EU agree to new "free speech" rules

EU nations agree to new racism rules

LUXEMBOURG - European Union nations agreed Thursday on new rules to combat racism and hate crimes across the 27-nation bloc, including setting jail sentences against those who deny or trivialize the Holocaust.

[...]The proposed rules, which still have to be vetted by national parliaments, calls for up to three-year prison sentences for those convicted of denying massacres defined as genocide by the International Criminal Court, including the Holocaust and the mass killings in Rwanda in the 1990s.

EU justice and interior ministers said the rules call for criminalizing "incitement to hatred and violence and publicly condoning, denying or grossly trivializing crimes of genocide, crimes against humanity and war crimes."

The mass killing of Jews during World War II was the only genocide specifically mentioned in the rules. Demands from Baltic nations that major Stalinist atrocities be included were rejected.

What I want to know is, just how carefully defined is the charge of "crimes against humanity"?
[...]Member states can opt out of criminalizing massacres not defined as genocide by the international court.
Ohhh. I see.

Why can't most EU nations* handle free speech? (And I classify "free" as in to the same degree American's do.)

What is so weak in the pan-Europa societal fabric that they are seemingly incapable of socially self-regulating (ie: shun, frown upon, ostracize, etc.) those wingnuts who actually believe for a second such an event as the Holocaust was nothing but an act of Allied propagation to garner sympathy for the Jews et. al?

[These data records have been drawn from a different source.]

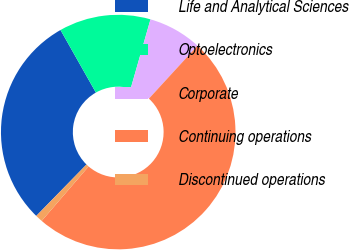Convert chart. <chart><loc_0><loc_0><loc_500><loc_500><pie_chart><fcel>Life and Analytical Sciences<fcel>Optoelectronics<fcel>Corporate<fcel>Continuing operations<fcel>Discontinued operations<nl><fcel>29.49%<fcel>12.63%<fcel>7.38%<fcel>49.5%<fcel>1.0%<nl></chart> 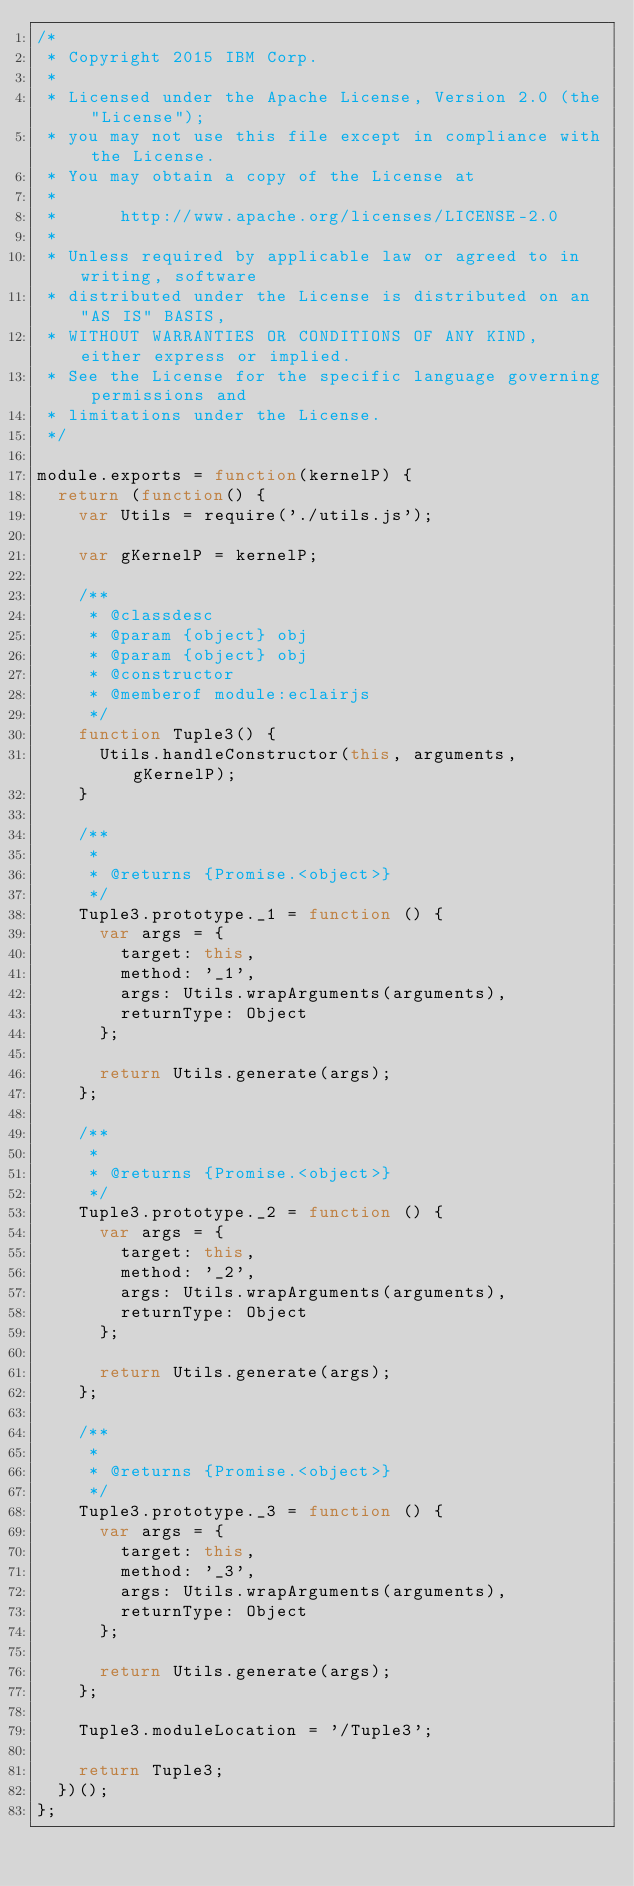Convert code to text. <code><loc_0><loc_0><loc_500><loc_500><_JavaScript_>/*
 * Copyright 2015 IBM Corp.
 *
 * Licensed under the Apache License, Version 2.0 (the "License");
 * you may not use this file except in compliance with the License.
 * You may obtain a copy of the License at
 *
 *      http://www.apache.org/licenses/LICENSE-2.0
 *
 * Unless required by applicable law or agreed to in writing, software
 * distributed under the License is distributed on an "AS IS" BASIS,
 * WITHOUT WARRANTIES OR CONDITIONS OF ANY KIND, either express or implied.
 * See the License for the specific language governing permissions and
 * limitations under the License.
 */

module.exports = function(kernelP) {
  return (function() {
    var Utils = require('./utils.js');

    var gKernelP = kernelP;

    /**
     * @classdesc
     * @param {object} obj
     * @param {object} obj
     * @constructor
     * @memberof module:eclairjs
     */
    function Tuple3() {
      Utils.handleConstructor(this, arguments, gKernelP);
    }

    /**
     *
     * @returns {Promise.<object>}
     */
    Tuple3.prototype._1 = function () {
      var args = {
        target: this,
        method: '_1',
        args: Utils.wrapArguments(arguments),
        returnType: Object
      };

      return Utils.generate(args);
    };

    /**
     *
     * @returns {Promise.<object>}
     */
    Tuple3.prototype._2 = function () {
      var args = {
        target: this,
        method: '_2',
        args: Utils.wrapArguments(arguments),
        returnType: Object
      };

      return Utils.generate(args);
    };

    /**
     *
     * @returns {Promise.<object>}
     */
    Tuple3.prototype._3 = function () {
      var args = {
        target: this,
        method: '_3',
        args: Utils.wrapArguments(arguments),
        returnType: Object
      };

      return Utils.generate(args);
    };

    Tuple3.moduleLocation = '/Tuple3';

    return Tuple3;
  })();
};</code>

Are European societies so fragile that a beer hall putsch can break out with only a mere racially-tinged whisper?

So weak are they, that they must limit free speech (however idiotic or hate-ridden) under penalty of legal prosecution?


(Hey, tit-for-tat, if some Zeropeans think they know American culture well enough that Charlton Heston should be held culpable for the Virginia Tech massacre, pan-European societal critique is fair game.)

*In all fairness, according to the article, Great Britain, Italy, Denmark several unnamed nations were concerned the rules would undermine freedom of expression.